Source data

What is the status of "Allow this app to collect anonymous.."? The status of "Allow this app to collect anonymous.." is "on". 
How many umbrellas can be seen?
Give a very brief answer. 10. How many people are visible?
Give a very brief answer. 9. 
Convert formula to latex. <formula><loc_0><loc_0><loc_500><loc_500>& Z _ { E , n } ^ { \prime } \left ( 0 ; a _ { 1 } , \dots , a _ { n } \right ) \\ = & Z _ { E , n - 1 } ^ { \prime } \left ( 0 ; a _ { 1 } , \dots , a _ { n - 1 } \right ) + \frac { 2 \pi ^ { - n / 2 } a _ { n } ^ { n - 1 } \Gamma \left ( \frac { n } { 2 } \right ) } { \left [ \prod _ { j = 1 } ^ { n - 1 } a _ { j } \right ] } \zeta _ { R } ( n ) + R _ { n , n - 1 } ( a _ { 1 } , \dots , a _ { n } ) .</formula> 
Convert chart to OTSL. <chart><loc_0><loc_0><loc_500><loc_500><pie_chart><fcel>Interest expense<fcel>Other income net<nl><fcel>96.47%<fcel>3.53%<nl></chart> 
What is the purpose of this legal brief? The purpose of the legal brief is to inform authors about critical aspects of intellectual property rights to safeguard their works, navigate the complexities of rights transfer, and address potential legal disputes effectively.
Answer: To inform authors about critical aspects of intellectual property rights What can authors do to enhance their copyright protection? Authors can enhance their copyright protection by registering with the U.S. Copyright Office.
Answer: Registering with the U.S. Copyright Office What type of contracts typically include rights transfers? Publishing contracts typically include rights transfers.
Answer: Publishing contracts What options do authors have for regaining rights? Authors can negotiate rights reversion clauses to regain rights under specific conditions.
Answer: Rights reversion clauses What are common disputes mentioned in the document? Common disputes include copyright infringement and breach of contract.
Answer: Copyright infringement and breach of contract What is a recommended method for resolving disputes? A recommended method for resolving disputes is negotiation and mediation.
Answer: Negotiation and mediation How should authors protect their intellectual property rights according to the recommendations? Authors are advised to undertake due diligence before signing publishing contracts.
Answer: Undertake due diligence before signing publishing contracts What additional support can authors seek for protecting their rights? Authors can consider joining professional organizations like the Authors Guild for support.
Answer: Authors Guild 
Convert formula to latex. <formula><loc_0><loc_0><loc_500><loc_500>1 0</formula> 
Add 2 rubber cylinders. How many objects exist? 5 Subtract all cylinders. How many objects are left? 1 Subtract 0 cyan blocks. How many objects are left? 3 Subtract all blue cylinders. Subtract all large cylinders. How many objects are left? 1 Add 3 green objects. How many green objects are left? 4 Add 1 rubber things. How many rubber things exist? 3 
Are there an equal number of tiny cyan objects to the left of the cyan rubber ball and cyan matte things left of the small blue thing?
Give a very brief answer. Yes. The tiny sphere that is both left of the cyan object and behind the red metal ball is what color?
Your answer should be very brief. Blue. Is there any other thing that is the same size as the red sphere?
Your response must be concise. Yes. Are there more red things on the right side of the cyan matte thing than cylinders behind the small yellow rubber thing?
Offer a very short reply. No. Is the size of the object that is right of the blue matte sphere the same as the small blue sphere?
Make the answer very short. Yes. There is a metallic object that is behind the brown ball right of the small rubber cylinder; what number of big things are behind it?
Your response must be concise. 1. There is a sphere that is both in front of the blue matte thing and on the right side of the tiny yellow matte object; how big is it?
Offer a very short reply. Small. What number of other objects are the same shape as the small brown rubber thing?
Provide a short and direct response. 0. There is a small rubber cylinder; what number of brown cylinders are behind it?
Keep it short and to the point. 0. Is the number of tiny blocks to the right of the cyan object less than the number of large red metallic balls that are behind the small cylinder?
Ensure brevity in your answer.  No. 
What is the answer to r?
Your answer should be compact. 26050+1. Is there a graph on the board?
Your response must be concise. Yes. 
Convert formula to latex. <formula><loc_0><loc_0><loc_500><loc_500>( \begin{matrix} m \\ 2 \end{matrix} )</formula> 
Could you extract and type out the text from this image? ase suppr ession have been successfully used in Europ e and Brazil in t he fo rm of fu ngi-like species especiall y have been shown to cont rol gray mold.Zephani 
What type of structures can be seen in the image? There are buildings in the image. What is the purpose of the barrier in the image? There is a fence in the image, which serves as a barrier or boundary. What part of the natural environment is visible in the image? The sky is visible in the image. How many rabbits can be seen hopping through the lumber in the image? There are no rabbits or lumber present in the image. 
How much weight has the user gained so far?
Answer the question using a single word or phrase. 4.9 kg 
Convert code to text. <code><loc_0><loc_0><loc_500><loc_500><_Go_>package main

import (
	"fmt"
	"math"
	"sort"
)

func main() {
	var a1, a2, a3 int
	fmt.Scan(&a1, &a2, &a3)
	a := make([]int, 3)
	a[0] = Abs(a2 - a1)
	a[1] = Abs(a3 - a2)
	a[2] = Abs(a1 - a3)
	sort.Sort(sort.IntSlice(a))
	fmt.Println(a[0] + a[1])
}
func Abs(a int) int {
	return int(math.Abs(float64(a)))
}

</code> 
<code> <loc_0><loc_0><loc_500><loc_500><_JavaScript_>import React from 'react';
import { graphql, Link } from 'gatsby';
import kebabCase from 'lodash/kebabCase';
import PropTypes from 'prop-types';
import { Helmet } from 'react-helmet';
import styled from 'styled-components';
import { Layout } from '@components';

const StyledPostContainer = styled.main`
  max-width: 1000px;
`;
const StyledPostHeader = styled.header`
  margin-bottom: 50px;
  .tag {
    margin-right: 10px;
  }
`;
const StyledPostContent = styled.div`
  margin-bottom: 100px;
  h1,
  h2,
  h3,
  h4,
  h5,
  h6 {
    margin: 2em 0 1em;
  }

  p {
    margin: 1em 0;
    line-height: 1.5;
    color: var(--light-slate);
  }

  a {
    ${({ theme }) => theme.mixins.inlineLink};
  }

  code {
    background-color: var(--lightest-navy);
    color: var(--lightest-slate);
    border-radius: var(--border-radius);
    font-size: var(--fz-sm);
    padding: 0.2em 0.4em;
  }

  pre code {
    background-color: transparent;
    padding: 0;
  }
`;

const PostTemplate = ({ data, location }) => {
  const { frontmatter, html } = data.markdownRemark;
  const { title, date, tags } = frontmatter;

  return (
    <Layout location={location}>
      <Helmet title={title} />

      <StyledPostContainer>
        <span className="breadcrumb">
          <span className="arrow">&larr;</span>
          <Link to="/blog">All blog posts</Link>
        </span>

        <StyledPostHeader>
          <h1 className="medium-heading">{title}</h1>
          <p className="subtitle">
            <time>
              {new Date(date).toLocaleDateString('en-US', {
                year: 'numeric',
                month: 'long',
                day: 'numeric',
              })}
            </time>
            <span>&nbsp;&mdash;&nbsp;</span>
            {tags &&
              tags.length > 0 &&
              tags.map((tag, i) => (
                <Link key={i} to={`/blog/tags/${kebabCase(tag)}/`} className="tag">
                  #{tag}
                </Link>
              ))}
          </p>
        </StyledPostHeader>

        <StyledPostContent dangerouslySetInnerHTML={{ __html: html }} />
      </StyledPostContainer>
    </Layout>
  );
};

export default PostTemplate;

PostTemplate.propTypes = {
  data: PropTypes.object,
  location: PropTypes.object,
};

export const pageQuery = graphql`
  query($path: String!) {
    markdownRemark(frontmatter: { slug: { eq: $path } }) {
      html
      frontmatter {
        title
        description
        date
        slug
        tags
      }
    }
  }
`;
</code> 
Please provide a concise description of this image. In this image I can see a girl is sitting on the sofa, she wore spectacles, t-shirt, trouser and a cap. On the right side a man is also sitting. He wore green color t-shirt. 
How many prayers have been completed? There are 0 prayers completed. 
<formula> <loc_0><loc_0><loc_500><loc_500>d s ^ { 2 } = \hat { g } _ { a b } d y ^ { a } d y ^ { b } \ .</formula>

• _Task goal_
Give back exactly the lines above, from the line containing "a[2] = Abs(a1 - a3)" through the line containing "color: var(--light-slate);", with both end lines and nothing more.

• _Result_
	a[2] = Abs(a1 - a3)
	sort.Sort(sort.IntSlice(a))
	fmt.Println(a[0] + a[1])
}
func Abs(a int) int {
	return int(math.Abs(float64(a)))
}

</code> 
<code> <loc_0><loc_0><loc_500><loc_500><_JavaScript_>import React from 'react';
import { graphql, Link } from 'gatsby';
import kebabCase from 'lodash/kebabCase';
import PropTypes from 'prop-types';
import { Helmet } from 'react-helmet';
import styled from 'styled-components';
import { Layout } from '@components';

const StyledPostContainer = styled.main`
  max-width: 1000px;
`;
const StyledPostHeader = styled.header`
  margin-bottom: 50px;
  .tag {
    margin-right: 10px;
  }
`;
const StyledPostContent = styled.div`
  margin-bottom: 100px;
  h1,
  h2,
  h3,
  h4,
  h5,
  h6 {
    margin: 2em 0 1em;
  }

  p {
    margin: 1em 0;
    line-height: 1.5;
    color: var(--light-slate);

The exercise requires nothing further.